__What is needed__
When you reach the listing below, copy each line exactly.

__Dataset content__
--------------------------------------------------

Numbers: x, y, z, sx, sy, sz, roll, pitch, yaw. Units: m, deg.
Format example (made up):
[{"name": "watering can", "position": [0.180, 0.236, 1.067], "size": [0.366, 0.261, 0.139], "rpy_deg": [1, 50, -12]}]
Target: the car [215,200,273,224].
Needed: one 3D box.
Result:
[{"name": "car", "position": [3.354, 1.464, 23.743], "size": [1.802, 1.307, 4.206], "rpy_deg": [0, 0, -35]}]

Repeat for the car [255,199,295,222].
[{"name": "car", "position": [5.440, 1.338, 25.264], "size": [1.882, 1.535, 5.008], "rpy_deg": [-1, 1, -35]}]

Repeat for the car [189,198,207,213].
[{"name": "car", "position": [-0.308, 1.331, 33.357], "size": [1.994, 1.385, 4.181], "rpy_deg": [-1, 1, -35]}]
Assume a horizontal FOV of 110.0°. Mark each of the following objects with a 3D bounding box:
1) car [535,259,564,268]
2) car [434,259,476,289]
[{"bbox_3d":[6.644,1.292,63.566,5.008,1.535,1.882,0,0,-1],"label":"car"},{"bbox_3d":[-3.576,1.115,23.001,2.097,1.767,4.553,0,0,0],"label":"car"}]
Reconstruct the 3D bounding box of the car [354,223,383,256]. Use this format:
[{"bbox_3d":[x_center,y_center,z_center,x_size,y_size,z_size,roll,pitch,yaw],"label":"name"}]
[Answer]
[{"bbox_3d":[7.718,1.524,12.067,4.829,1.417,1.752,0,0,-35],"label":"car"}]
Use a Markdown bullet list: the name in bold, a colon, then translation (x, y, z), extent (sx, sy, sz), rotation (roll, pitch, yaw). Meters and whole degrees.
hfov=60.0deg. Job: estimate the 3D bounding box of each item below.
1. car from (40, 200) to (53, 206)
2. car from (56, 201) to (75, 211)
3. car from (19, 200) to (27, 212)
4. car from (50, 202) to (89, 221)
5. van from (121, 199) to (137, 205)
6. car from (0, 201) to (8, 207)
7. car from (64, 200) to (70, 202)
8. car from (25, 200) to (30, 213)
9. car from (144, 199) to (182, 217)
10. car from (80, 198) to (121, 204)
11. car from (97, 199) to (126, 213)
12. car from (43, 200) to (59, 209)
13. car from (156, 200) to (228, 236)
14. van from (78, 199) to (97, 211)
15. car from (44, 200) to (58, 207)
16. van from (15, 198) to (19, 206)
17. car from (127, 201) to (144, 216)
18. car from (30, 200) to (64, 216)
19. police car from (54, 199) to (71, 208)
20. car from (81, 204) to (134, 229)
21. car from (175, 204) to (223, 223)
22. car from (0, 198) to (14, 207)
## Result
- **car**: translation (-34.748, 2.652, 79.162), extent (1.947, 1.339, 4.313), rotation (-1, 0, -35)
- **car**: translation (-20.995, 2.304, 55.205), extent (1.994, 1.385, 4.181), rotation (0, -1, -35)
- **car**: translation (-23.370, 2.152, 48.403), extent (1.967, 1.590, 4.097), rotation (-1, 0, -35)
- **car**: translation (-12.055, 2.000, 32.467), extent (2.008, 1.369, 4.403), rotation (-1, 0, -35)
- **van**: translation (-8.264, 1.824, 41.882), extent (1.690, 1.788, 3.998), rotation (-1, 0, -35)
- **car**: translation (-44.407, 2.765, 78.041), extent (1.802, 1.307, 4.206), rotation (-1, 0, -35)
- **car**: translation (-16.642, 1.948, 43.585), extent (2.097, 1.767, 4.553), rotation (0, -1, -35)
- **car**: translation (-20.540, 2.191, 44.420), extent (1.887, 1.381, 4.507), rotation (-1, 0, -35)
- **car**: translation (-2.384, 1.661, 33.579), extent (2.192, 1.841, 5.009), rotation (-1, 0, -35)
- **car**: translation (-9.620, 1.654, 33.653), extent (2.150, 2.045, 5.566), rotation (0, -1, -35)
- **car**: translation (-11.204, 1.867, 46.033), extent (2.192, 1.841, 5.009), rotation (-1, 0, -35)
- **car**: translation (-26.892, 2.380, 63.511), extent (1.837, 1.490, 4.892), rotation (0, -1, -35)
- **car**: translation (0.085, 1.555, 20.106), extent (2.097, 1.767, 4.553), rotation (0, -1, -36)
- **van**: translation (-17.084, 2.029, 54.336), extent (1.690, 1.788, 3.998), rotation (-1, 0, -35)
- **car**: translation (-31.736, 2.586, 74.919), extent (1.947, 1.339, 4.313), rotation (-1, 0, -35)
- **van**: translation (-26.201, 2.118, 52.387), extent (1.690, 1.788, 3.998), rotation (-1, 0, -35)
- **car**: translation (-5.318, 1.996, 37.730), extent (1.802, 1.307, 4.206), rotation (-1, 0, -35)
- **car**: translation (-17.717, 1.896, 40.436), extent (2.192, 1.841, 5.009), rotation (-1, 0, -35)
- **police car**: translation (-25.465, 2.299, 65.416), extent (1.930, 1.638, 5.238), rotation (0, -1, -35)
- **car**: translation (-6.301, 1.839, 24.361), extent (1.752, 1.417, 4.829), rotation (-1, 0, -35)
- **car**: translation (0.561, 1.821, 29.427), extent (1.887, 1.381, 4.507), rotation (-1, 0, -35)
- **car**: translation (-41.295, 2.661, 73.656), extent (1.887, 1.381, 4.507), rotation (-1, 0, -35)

--------------------------------------------------

__Output for this exercise__
Numbers: x, y, z, sx, sy, sz, roll, pitch, yaw. Units: m, deg.
Format example (made up):
[{"name": "watering can", "position": [0.180, 0.236, 1.067], "size": [0.366, 0.261, 0.139], "rpy_deg": [1, 50, -12]}]
Target: the car [215,200,273,224].
Needed: one 3D box.
Result:
[{"name": "car", "position": [3.354, 1.464, 23.743], "size": [1.802, 1.307, 4.206], "rpy_deg": [0, 0, -35]}]

Repeat for the car [255,199,295,222].
[{"name": "car", "position": [5.440, 1.338, 25.264], "size": [1.882, 1.535, 5.008], "rpy_deg": [-1, 1, -35]}]

Repeat for the car [189,198,207,213].
[{"name": "car", "position": [-0.308, 1.331, 33.357], "size": [1.994, 1.385, 4.181], "rpy_deg": [-1, 1, -35]}]
Assume a horizontal FOV of 110.0°. Mark each of the following objects with a 3D bounding box:
1) car [535,259,564,268]
2) car [434,259,476,289]
[{"bbox_3d":[6.644,1.292,63.566,5.008,1.535,1.882,0,0,-1],"label":"car"},{"bbox_3d":[-3.576,1.115,23.001,2.097,1.767,4.553,0,0,0],"label":"car"}]
Reconstruct the 3D bounding box of the car [354,223,383,256]. Use this format:
[{"bbox_3d":[x_center,y_center,z_center,x_size,y_size,z_size,roll,pitch,yaw],"label":"name"}]
[Answer]
[{"bbox_3d":[7.718,1.524,12.067,4.829,1.417,1.752,0,0,-35],"label":"car"}]
Use a Markdown bullet list: the name in bold, a colon, then translation (x, y, z), extent (sx, sy, sz), rotation (roll, pitch, yaw). Meters and whole degrees.
hfov=60.0deg. Job: estimate the 3D bounding box of each item below.
1. car from (40, 200) to (53, 206)
2. car from (56, 201) to (75, 211)
3. car from (19, 200) to (27, 212)
4. car from (50, 202) to (89, 221)
5. van from (121, 199) to (137, 205)
6. car from (0, 201) to (8, 207)
7. car from (64, 200) to (70, 202)
8. car from (25, 200) to (30, 213)
9. car from (144, 199) to (182, 217)
10. car from (80, 198) to (121, 204)
11. car from (97, 199) to (126, 213)
12. car from (43, 200) to (59, 209)
13. car from (156, 200) to (228, 236)
14. van from (78, 199) to (97, 211)
15. car from (44, 200) to (58, 207)
16. van from (15, 198) to (19, 206)
17. car from (127, 201) to (144, 216)
18. car from (30, 200) to (64, 216)
19. police car from (54, 199) to (71, 208)
20. car from (81, 204) to (134, 229)
21. car from (175, 204) to (223, 223)
22. car from (0, 198) to (14, 207)
## Result
- **car**: translation (-34.748, 2.652, 79.162), extent (1.947, 1.339, 4.313), rotation (-1, 0, -35)
- **car**: translation (-20.995, 2.304, 55.205), extent (1.994, 1.385, 4.181), rotation (0, -1, -35)
- **car**: translation (-23.370, 2.152, 48.403), extent (1.967, 1.590, 4.097), rotation (-1, 0, -35)
- **car**: translation (-12.055, 2.000, 32.467), extent (2.008, 1.369, 4.403), rotation (-1, 0, -35)
- **van**: translation (-8.264, 1.824, 41.882), extent (1.690, 1.788, 3.998), rotation (-1, 0, -35)
- **car**: translation (-44.407, 2.765, 78.041), extent (1.802, 1.307, 4.206), rotation (-1, 0, -35)
- **car**: translation (-16.642, 1.948, 43.585), extent (2.097, 1.767, 4.553), rotation (0, -1, -35)
- **car**: translation (-20.540, 2.191, 44.420), extent (1.887, 1.381, 4.507), rotation (-1, 0, -35)
- **car**: translation (-2.384, 1.661, 33.579), extent (2.192, 1.841, 5.009), rotation (-1, 0, -35)
- **car**: translation (-9.620, 1.654, 33.653), extent (2.150, 2.045, 5.566), rotation (0, -1, -35)
- **car**: translation (-11.204, 1.867, 46.033), extent (2.192, 1.841, 5.009), rotation (-1, 0, -35)
- **car**: translation (-26.892, 2.380, 63.511), extent (1.837, 1.490, 4.892), rotation (0, -1, -35)
- **car**: translation (0.085, 1.555, 20.106), extent (2.097, 1.767, 4.553), rotation (0, -1, -36)
- **van**: translation (-17.084, 2.029, 54.336), extent (1.690, 1.788, 3.998), rotation (-1, 0, -35)
- **car**: translation (-31.736, 2.586, 74.919), extent (1.947, 1.339, 4.313), rotation (-1, 0, -35)
- **van**: translation (-26.201, 2.118, 52.387), extent (1.690, 1.788, 3.998), rotation (-1, 0, -35)
- **car**: translation (-5.318, 1.996, 37.730), extent (1.802, 1.307, 4.206), rotation (-1, 0, -35)
- **car**: translation (-17.717, 1.896, 40.436), extent (2.192, 1.841, 5.009), rotation (-1, 0, -35)
- **police car**: translation (-25.465, 2.299, 65.416), extent (1.930, 1.638, 5.238), rotation (0, -1, -35)
- **car**: translation (-6.301, 1.839, 24.361), extent (1.752, 1.417, 4.829), rotation (-1, 0, -35)
- **car**: translation (0.561, 1.821, 29.427), extent (1.887, 1.381, 4.507), rotation (-1, 0, -35)
- **car**: translation (-41.295, 2.661, 73.656), extent (1.887, 1.381, 4.507), rotation (-1, 0, -35)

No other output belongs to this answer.